● **WORK TASK**:
In the listing below, every line with the word "Page" needs to be copied.

Top of EXCERPTED DATA

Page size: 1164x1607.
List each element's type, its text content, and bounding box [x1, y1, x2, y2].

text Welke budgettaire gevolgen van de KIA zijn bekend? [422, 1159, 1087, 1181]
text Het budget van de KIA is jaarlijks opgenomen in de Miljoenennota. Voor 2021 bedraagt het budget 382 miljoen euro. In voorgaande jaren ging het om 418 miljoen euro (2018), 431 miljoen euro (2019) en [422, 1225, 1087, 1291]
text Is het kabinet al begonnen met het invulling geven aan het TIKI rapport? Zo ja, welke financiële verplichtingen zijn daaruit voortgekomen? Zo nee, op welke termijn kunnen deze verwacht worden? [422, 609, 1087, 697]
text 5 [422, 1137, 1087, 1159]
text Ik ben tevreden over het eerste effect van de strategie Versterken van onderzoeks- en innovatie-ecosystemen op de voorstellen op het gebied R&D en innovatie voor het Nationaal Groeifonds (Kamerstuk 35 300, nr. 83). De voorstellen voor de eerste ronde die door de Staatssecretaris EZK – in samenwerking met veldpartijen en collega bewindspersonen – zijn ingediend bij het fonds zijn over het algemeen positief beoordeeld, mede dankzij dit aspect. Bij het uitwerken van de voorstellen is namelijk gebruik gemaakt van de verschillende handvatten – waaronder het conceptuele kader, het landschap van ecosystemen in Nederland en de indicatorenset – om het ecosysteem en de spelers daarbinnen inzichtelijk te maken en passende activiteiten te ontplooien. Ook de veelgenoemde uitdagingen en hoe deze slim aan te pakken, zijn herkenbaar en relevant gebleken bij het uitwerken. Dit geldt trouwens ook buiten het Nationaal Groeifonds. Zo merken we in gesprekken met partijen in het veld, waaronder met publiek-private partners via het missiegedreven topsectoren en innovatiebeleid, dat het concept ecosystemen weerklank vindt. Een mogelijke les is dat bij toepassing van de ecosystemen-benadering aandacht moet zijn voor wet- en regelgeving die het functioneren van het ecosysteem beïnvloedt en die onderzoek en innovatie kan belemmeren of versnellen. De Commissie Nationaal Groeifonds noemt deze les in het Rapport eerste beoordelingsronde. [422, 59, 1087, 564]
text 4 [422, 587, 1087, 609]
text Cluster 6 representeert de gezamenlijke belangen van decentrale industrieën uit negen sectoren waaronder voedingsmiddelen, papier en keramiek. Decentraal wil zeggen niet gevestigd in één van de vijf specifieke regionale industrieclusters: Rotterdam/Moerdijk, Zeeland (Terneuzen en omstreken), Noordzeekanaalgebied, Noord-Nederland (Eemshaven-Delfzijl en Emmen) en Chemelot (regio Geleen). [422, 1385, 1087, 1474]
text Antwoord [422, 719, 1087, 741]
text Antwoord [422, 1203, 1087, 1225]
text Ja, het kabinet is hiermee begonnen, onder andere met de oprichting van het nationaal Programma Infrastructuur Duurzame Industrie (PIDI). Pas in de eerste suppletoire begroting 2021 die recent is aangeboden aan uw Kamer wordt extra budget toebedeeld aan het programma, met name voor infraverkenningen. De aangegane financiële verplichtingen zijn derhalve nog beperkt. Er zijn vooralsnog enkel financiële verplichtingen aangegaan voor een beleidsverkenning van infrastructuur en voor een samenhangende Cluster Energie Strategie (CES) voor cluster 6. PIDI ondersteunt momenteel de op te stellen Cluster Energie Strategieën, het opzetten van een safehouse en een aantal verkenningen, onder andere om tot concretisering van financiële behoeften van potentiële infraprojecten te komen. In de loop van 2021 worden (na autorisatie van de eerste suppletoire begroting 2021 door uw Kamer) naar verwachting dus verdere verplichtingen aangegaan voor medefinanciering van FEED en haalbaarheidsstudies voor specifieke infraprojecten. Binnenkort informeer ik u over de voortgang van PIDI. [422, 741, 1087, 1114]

Bottom of EXCERPTED DATA
Top of EXCERPTED DATA

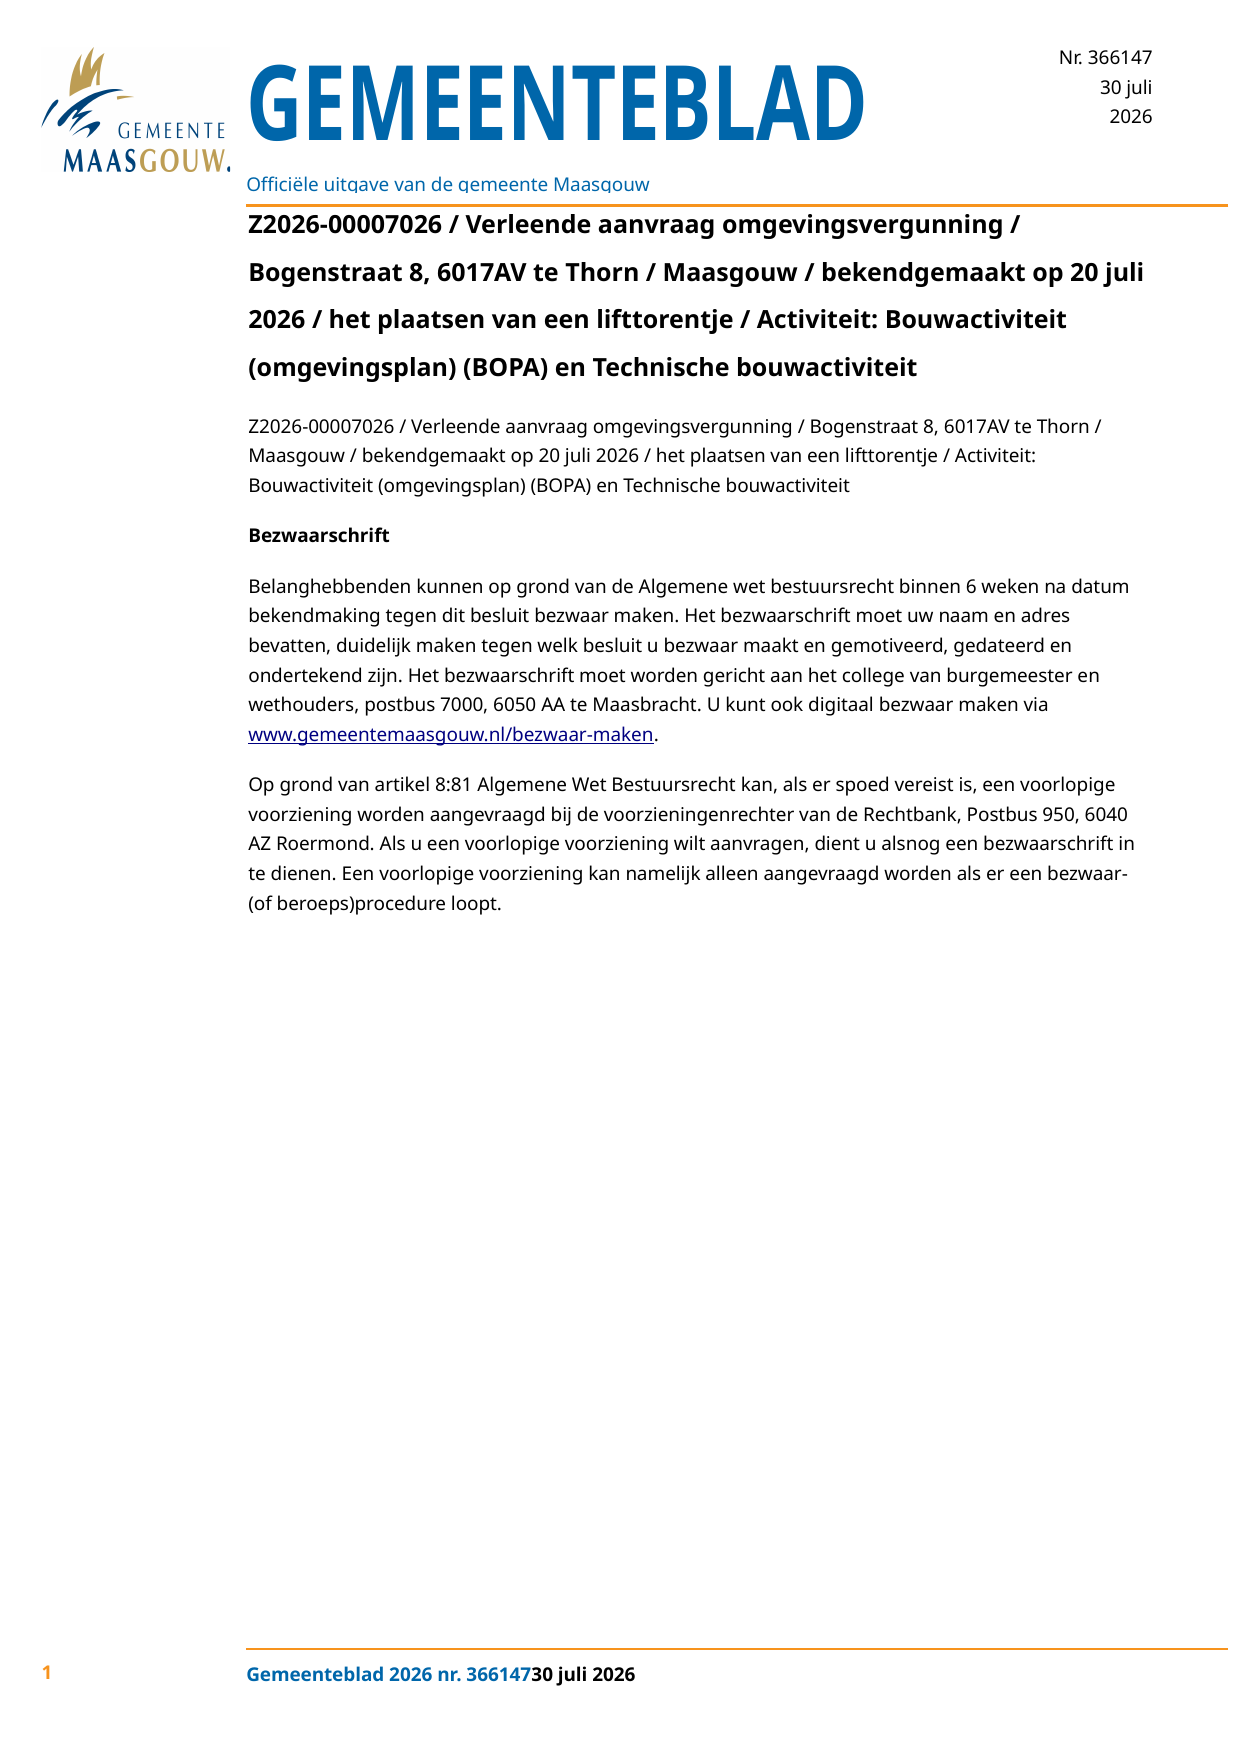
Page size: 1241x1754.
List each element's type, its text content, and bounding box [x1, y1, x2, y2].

Bottom of EXCERPTED DATA

● **WRITTEN SOLUTION**:
Page size: 1164x1607.
Page size: 1241x1754.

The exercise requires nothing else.